FLORIDA LAW WEEKLY VOLUME 39, NUMBER 8 CASES FROM THE WEEK OF FEB. 21, 2014

THE LAW REQUIRES A PRIVILEGE LOG ONLY IF DOCUMENTS ARE OTHERWISE DISCOVERABLE

State Farm v. Coburn, 39 Fla. L. Weekly D334 (Fla. 2nd DCA February 12, 2014):

In this first-party bad faith case, State Farm objected to the plaintiff’s discovery request based on over-breadth and burdensomeness (i.e., the scope of discovery) as well as on attorney client privilege and work product privilege. State Farm argued the court departed from the essential requirements of law by failing to conduct an in camera review to address its objections. Plaintiffs argued State Farm waived the issue by failing to file a privilege log or to ask for an in camera review below.

The court reminded us that a party is required to file a privilege log only if the information is otherwise discoverable. Until a circuit court rules on the scope of discovery objection, a party responding to discovery does not know what will fall within the category of discoverable documents. Additionally, Rule 1.280 does not provide a time limit for filing a privilege log.

The general denial of State Farm’s motion was equivalent to a determination that all of the documents were otherwise discoverable. At that point, State Farm could then claim work product and attorney client privilege, necessitating the need for a privilege log.

ERROR TO DENY DIRECTED VERDICT WHEN NO DISPUTE THAT THE DEFENDANT LOST CONSCIOUSNESS WHILE DRIVING DUE TO A SEIZURE RESULTING IN THE ACCIDENT, AND THAT LOSS OF CONSCIOUSNESS WAS UNFORESEEABLE

Marcum v. Hayward, 39 Fla. L. Weekly D342 (Fla. 2nd DCA February 12, 2014):

The defendant was driving a company vehicle within the course and scope of her employment. She testified that she felt like she momentarily blacked out, woke up briefly, and then blacked out again. Her next recollection was seeing the paramedics after the accident. According to her passenger, the defendant said she did not feel well, blacked out and then suddenly lost consciousness.

The plaintiff did not offer opposing expert testimony regarding the defendant’s seizure. Her only expert was an orthopedic surgeon who provided testimony about her injuries. Plaintiff argued that when defendant described having a funny feeling prior to blacking out, she was experiencing an aura which should have alerted her to pull over. The expert testified that unless the person had already had an epileptic aura, they would not know what that was.

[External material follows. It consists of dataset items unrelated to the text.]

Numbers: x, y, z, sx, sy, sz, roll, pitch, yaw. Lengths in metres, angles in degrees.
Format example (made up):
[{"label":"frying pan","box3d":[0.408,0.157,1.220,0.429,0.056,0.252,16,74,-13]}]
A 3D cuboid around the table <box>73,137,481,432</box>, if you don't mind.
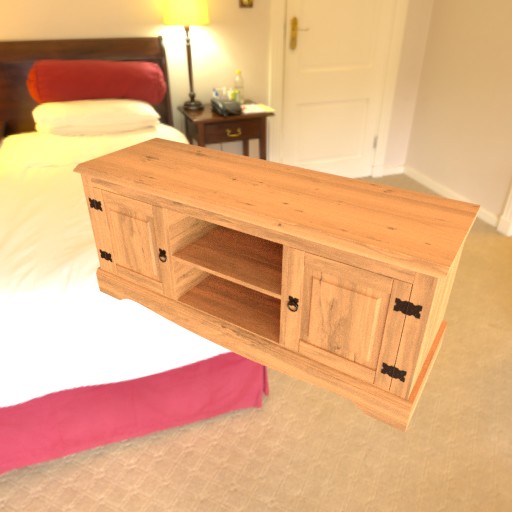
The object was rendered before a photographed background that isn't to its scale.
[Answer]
[{"label":"table","box3d":[0.000,0.000,1.472,1.200,0.510,0.400,18,35,28]}]
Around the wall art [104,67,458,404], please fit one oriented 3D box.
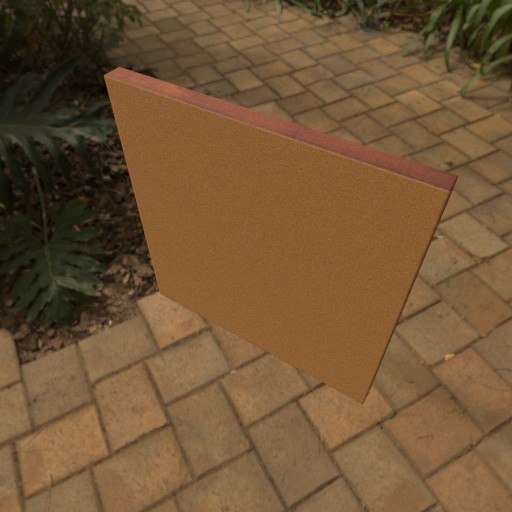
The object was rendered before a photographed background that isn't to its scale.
[{"bbox_3d":[0.000,0.000,0.834,0.554,0.572,0.037,25,52,21],"label":"wall art"}]
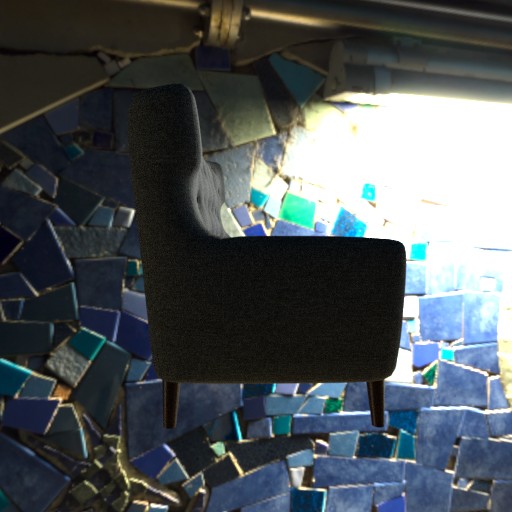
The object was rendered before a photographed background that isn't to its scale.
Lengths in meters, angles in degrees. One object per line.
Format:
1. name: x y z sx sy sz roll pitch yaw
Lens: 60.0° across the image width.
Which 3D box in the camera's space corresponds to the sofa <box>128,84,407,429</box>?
1. sofa: 0.000 0.000 1.920 0.874 1.028 1.358 0 2 -1
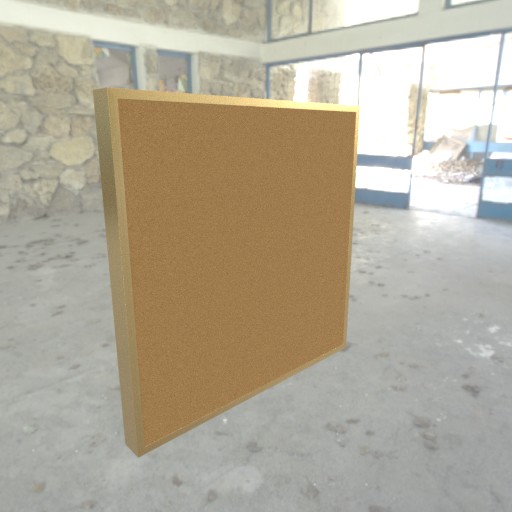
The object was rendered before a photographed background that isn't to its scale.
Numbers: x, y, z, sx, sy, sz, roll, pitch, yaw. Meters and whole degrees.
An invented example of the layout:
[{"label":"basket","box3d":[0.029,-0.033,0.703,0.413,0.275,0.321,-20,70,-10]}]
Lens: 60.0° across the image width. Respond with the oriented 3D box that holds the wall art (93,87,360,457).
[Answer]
[{"label":"wall art","box3d":[0.000,0.000,0.763,0.509,0.509,0.040,-14,21,-41]}]

Because the defendant successfully established her defense (and there was no dispute that she lost consciousness while driving as a result of a seizure, and had no seizures before the accident rendering it unforeseeable), the trial court should have granted her motion for directed verdict.

TRIAL COURT ERRED IN ENTERING SUMMARY JUDGMENT FOR DEFENDANT IN PERSONAL INJURY ACTION ON THE BASIS OF PLAINTIFF’S FAILURE TO DISCLOSE A POTENTIAL, UNFILED LAWSUIT AGAINST DEFENDANT IN THE “CONTINGENT AND UNLIQUIDATED CLAIMS” SECTION OF HIS CHAPTER 13 PERSONAL BANKRUPTCY–PLAINTIFF PROMPTLY AMENDED BANKRUPTCY SCHEDULES AFTER DEFENDANT RAISED OMISSION CREATING AN ISSUE OF FACT

Montes v. Mastec North America, 39 Fla. L. Weekly D346 (Fla. 3rd DCA February 12, 2014).

PARTY WAIVES RIGHT TO CHALLENGE ENTITLEMENT TO FEES ON APPEAL WHEN IT ONLY CONTESTS THE REASONABLENESS IN THE TRIAL COURT

Oliver v. Oliver, 39 Fla. L. Weekly D367 (Fla. 1st DCA February 14, 2014).